The meaning assigned to each term used in this Agreement shall be equally
applicable to both the singular and the plural forms of such term, and words
denoting either gender shall include both genders. Where a word or phrase is
defined herein, each of its other grammatical forms shall have a corresponding
meaning.
(b) The parties have participated jointly in the negotiation and
drafting of this Agreement and the Transaction Documents. Consequently, in the
event an ambiguity or question of intent or interpretation arises, this
Agreement and each of the Transaction Documents shall be construed as if drafted
jointly by the parties thereto, and no presumption or burden of proof shall
arise favoring or disfavoring either party by virtue of the authorship of any
provision of this Agreement or of any of the Transaction Documents.
ARTICLE II
CLOSING; PURCHASE AND SALE
2.1 The Closing. The closing (the "Closing") of the transactions set
forth in this Article II shall take place simultaneously with the execution and
delivery of this Agreement by the parties hereto (such date upon which the
Closing occurs is referred to as the "Closing Date").

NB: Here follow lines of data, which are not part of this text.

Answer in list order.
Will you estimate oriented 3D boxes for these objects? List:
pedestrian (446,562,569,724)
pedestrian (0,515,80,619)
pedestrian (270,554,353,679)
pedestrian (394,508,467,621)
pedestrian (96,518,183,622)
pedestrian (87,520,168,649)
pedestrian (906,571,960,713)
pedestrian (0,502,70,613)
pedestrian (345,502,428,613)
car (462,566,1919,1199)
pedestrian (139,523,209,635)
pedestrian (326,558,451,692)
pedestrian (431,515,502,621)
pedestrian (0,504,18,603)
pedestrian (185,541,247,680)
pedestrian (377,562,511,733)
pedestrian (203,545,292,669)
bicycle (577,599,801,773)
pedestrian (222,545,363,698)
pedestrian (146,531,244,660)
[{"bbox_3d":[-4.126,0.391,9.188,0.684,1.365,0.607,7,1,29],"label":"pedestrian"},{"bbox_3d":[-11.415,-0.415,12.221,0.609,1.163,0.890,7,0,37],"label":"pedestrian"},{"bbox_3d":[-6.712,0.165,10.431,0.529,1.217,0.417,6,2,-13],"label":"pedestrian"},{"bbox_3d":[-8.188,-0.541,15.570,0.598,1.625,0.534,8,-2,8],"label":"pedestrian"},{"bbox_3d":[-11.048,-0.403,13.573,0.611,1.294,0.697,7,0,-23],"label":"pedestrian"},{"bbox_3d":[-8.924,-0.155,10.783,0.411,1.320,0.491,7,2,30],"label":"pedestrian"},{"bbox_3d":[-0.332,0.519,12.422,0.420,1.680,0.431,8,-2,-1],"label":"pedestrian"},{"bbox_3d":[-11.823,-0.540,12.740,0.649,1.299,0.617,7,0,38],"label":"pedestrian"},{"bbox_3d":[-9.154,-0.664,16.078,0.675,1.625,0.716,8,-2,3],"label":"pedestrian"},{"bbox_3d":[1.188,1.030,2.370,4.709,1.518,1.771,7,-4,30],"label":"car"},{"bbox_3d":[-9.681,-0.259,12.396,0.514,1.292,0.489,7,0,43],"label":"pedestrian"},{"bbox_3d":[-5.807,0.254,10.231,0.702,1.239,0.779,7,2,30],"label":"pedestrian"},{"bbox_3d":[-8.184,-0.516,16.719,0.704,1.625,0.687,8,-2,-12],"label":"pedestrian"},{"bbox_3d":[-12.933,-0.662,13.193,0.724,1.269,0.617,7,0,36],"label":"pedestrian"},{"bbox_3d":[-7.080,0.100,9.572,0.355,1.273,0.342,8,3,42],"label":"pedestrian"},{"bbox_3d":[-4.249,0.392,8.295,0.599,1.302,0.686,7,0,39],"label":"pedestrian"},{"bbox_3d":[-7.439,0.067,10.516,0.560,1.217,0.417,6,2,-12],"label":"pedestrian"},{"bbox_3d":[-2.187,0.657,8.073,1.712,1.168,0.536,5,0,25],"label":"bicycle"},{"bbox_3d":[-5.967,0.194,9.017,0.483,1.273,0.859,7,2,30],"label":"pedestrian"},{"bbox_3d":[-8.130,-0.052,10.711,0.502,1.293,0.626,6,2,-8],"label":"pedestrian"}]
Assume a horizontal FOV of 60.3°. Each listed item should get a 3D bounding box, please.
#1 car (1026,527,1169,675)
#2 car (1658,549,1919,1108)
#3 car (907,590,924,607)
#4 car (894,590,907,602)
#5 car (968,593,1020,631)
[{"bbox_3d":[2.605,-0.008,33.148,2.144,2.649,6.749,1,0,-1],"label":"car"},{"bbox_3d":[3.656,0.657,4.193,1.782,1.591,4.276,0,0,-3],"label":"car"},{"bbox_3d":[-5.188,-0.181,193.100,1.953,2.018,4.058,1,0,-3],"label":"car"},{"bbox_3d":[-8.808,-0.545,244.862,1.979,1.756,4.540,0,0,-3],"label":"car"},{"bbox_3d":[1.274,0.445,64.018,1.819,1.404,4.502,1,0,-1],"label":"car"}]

2.2 Issuance and Delivery of the Purchase Shares and Issuance of the
Warrant. At the Closing, the Seller shall (i) issue and deliver to the Buyer
certificates for the Purchase Shares and the Buyer shall purchase the Purchase
Shares from the Seller and (ii) issue and deliver to the Buyer certificates
representing the Warrant, in substantially the form of Exhibit A hereto, and the
Buyer shall accept such certificates.
2.3 The Purchase Price. The Buyer shall purchase the Purchase Shares
and the Warrant for an aggregate amount equal to Ten Million Dollars
($10,000,000) (the "Purchase Price").
2.4 Delivery of Purchase Price. At the Closing, the Purchase Price
shall be paid by the Buyer to the Seller by wire transfer of immediately
available funds to an account designated in writing by the Seller at least two
Business Days prior to the Closing.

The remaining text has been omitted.